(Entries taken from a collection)
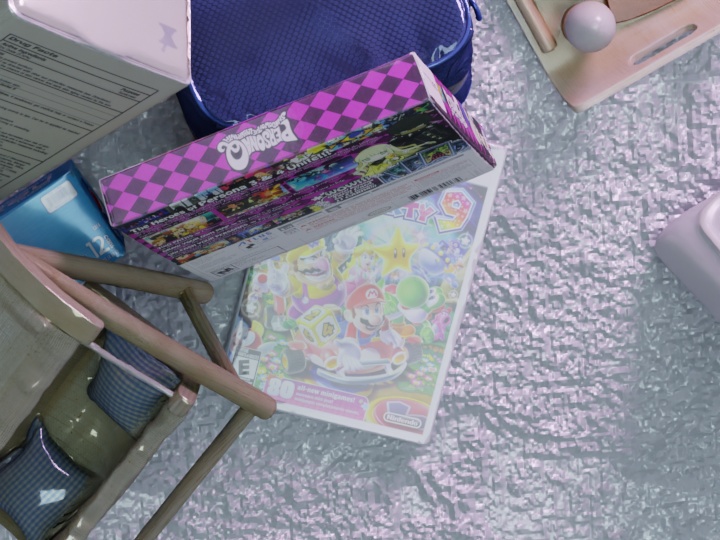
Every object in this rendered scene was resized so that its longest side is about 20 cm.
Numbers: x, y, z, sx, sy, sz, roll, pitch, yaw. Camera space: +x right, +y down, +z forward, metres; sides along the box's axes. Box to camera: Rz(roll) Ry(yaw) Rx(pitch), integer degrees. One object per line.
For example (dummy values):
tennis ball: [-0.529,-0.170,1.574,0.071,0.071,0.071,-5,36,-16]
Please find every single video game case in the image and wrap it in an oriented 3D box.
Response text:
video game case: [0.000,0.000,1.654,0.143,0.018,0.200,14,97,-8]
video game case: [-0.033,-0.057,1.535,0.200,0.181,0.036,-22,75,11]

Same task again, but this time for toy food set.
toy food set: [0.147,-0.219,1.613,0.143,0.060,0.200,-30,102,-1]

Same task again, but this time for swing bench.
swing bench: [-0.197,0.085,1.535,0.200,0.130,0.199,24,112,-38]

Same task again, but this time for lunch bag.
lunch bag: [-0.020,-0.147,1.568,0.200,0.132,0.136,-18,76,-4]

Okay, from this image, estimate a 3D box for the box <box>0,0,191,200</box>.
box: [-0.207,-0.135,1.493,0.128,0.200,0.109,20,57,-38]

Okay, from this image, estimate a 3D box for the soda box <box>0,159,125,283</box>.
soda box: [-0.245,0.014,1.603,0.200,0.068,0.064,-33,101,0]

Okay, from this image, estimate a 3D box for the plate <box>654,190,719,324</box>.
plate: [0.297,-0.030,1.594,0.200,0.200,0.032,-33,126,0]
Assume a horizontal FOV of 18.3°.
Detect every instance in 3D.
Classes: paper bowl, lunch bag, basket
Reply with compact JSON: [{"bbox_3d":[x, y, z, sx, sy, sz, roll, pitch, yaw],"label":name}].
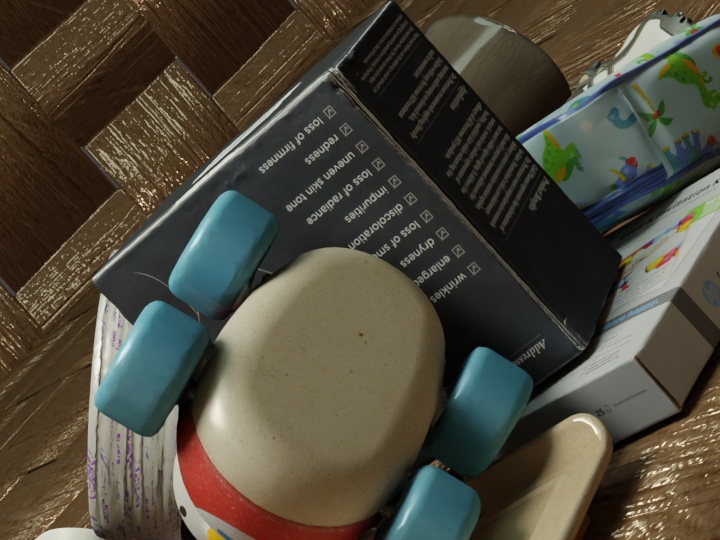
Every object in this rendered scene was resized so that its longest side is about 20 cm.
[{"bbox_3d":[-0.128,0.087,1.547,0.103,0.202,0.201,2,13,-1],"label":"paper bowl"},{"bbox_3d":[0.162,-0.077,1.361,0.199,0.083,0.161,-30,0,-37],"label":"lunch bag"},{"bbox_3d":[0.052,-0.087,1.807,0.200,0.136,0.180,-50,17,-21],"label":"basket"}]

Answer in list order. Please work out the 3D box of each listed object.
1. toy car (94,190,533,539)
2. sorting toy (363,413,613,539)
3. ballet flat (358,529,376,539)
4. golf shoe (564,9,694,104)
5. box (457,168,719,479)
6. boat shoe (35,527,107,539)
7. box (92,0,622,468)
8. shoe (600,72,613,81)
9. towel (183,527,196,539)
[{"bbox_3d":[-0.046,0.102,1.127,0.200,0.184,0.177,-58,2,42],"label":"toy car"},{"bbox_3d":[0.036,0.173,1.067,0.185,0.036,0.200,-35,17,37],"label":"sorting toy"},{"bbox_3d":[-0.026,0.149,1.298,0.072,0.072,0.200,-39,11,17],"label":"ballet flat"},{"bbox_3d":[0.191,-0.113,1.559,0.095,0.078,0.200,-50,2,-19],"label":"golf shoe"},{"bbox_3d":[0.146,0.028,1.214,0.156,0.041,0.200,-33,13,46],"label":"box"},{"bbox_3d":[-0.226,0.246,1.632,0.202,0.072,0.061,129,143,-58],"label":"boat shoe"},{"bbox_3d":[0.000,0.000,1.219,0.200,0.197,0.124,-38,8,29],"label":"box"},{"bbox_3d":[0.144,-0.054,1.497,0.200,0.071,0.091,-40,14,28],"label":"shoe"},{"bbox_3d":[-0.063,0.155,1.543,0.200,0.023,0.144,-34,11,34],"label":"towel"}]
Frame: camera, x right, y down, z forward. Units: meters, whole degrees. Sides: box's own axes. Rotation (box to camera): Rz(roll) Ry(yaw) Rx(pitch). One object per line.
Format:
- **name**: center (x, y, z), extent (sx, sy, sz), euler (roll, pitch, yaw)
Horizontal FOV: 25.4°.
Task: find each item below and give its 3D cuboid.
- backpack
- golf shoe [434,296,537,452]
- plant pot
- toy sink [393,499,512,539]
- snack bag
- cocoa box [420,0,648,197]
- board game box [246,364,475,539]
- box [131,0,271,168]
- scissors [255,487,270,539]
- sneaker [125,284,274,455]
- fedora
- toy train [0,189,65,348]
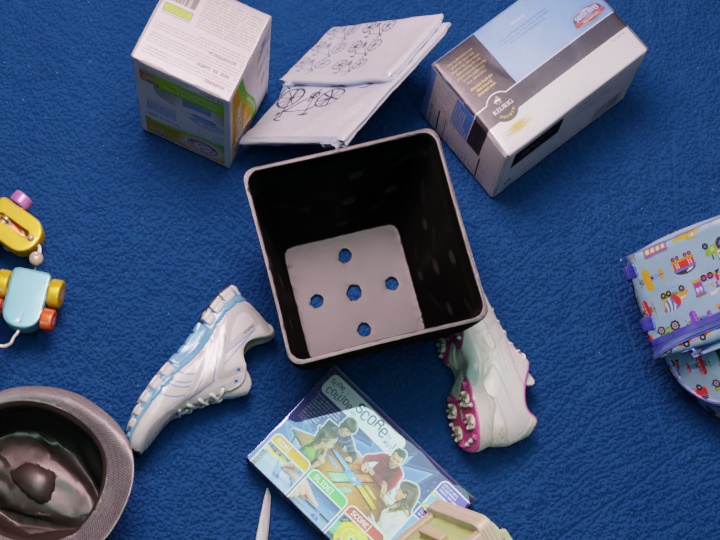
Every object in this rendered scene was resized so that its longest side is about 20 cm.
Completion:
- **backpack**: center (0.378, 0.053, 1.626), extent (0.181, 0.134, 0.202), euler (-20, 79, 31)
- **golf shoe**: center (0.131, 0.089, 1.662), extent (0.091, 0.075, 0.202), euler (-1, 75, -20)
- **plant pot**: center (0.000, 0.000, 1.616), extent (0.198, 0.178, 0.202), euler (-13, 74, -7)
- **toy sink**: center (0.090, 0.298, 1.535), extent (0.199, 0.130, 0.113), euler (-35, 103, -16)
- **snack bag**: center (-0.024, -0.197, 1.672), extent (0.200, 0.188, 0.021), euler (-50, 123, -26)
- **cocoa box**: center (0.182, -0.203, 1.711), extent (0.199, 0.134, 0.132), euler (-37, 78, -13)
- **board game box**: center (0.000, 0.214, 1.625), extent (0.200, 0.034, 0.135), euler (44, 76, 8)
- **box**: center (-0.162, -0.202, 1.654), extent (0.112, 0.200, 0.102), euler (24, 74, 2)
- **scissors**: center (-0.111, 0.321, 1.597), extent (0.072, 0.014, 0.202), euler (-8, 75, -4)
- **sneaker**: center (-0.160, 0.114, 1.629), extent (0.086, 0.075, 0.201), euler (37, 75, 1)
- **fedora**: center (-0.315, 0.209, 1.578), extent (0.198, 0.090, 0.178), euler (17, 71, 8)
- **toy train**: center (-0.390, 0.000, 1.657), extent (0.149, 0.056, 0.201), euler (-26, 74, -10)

### Required action
In your copy, please omit the pictures and print every line of the records exactly.

### Task output
Every object in this rendered scene was resized so that its longest side is about 20 cm.
Numbers: x, y, z, sx, sy, sz, roll, pitch, yaw. Camera space: +x right, +y down, +z forward, metres; sides along the box's axes. Box to camera: Rz(roll) Ry(yaw) Rx(pitch), integer degrees. One object per line.
For example (dummy values):
tennis ball: [-0.529,-0.170,1.574,0.071,0.071,0.071,-5,36,-16]
Please find every single video game case in the image and wrap it in an oriented 3D box.
Response text:
video game case: [0.000,0.000,1.654,0.143,0.018,0.200,14,97,-8]
video game case: [-0.033,-0.057,1.535,0.200,0.181,0.036,-22,75,11]

Same task again, but this time for toy food set.
toy food set: [0.147,-0.219,1.613,0.143,0.060,0.200,-30,102,-1]

Same task again, but this time for swing bench.
swing bench: [-0.197,0.085,1.535,0.200,0.130,0.199,24,112,-38]

Same task again, but this time for lunch bag.
lunch bag: [-0.020,-0.147,1.568,0.200,0.132,0.136,-18,76,-4]

Okay, from this image, estimate a 3D box for the box <box>0,0,191,200</box>.
box: [-0.207,-0.135,1.493,0.128,0.200,0.109,20,57,-38]

Okay, from this image, estimate a 3D box for the soda box <box>0,159,125,283</box>.
soda box: [-0.245,0.014,1.603,0.200,0.068,0.064,-33,101,0]

Okay, from this image, estimate a 3D box for the plate <box>654,190,719,324</box>.
plate: [0.297,-0.030,1.594,0.200,0.200,0.032,-33,126,0]
Assume a horizontal FOV of 18.3°.
Detect every instance in 3D.
Classes: paper bowl, lunch bag, basket
Reply with compact JSON: [{"bbox_3d":[x, y, z, sx, sy, sz, roll, pitch, yaw],"label":name}].
Every object in this rendered scene was resized so that its longest side is about 20 cm.
[{"bbox_3d":[-0.128,0.087,1.547,0.103,0.202,0.201,2,13,-1],"label":"paper bowl"},{"bbox_3d":[0.162,-0.077,1.361,0.199,0.083,0.161,-30,0,-37],"label":"lunch bag"},{"bbox_3d":[0.052,-0.087,1.807,0.200,0.136,0.180,-50,17,-21],"label":"basket"}]

Answer in list order. Please work out the 3D box of each listed object.
1. toy car (94,190,533,539)
2. sorting toy (363,413,613,539)
3. ballet flat (358,529,376,539)
4. golf shoe (564,9,694,104)
5. box (457,168,719,479)
6. boat shoe (35,527,107,539)
7. box (92,0,622,468)
8. shoe (600,72,613,81)
9. towel (183,527,196,539)
[{"bbox_3d":[-0.046,0.102,1.127,0.200,0.184,0.177,-58,2,42],"label":"toy car"},{"bbox_3d":[0.036,0.173,1.067,0.185,0.036,0.200,-35,17,37],"label":"sorting toy"},{"bbox_3d":[-0.026,0.149,1.298,0.072,0.072,0.200,-39,11,17],"label":"ballet flat"},{"bbox_3d":[0.191,-0.113,1.559,0.095,0.078,0.200,-50,2,-19],"label":"golf shoe"},{"bbox_3d":[0.146,0.028,1.214,0.156,0.041,0.200,-33,13,46],"label":"box"},{"bbox_3d":[-0.226,0.246,1.632,0.202,0.072,0.061,129,143,-58],"label":"boat shoe"},{"bbox_3d":[0.000,0.000,1.219,0.200,0.197,0.124,-38,8,29],"label":"box"},{"bbox_3d":[0.144,-0.054,1.497,0.200,0.071,0.091,-40,14,28],"label":"shoe"},{"bbox_3d":[-0.063,0.155,1.543,0.200,0.023,0.144,-34,11,34],"label":"towel"}]
Frame: camera, x right, y down, z forward. Units: meters, whole degrees. Sides: box's own axes. Rotation (box to camera): Rz(roll) Ry(yaw) Rx(pitch). One object per line.
Format:
- **name**: center (x, y, z), extent (sx, sy, sz), euler (roll, pitch, yaw)
Horizontal FOV: 25.4°.
Task: find each item below and give its 3D cuboid.
- backpack
- golf shoe [434,296,537,452]
- plant pot
- toy sink [393,499,512,539]
- snack bag
- cocoa box [420,0,648,197]
- board game box [246,364,475,539]
- box [131,0,271,168]
- scissors [255,487,270,539]
- sneaker [125,284,274,455]
- fedora
- toy train [0,189,65,348]
Every object in this rendered scene was resized so that its longest side is about 20 cm.
Completion:
- **backpack**: center (0.378, 0.053, 1.626), extent (0.181, 0.134, 0.202), euler (-20, 79, 31)
- **golf shoe**: center (0.131, 0.089, 1.662), extent (0.091, 0.075, 0.202), euler (-1, 75, -20)
- **plant pot**: center (0.000, 0.000, 1.616), extent (0.198, 0.178, 0.202), euler (-13, 74, -7)
- **toy sink**: center (0.090, 0.298, 1.535), extent (0.199, 0.130, 0.113), euler (-35, 103, -16)
- **snack bag**: center (-0.024, -0.197, 1.672), extent (0.200, 0.188, 0.021), euler (-50, 123, -26)
- **cocoa box**: center (0.182, -0.203, 1.711), extent (0.199, 0.134, 0.132), euler (-37, 78, -13)
- **board game box**: center (0.000, 0.214, 1.625), extent (0.200, 0.034, 0.135), euler (44, 76, 8)
- **box**: center (-0.162, -0.202, 1.654), extent (0.112, 0.200, 0.102), euler (24, 74, 2)
- **scissors**: center (-0.111, 0.321, 1.597), extent (0.072, 0.014, 0.202), euler (-8, 75, -4)
- **sneaker**: center (-0.160, 0.114, 1.629), extent (0.086, 0.075, 0.201), euler (37, 75, 1)
- **fedora**: center (-0.315, 0.209, 1.578), extent (0.198, 0.090, 0.178), euler (17, 71, 8)
- **toy train**: center (-0.390, 0.000, 1.657), extent (0.149, 0.056, 0.201), euler (-26, 74, -10)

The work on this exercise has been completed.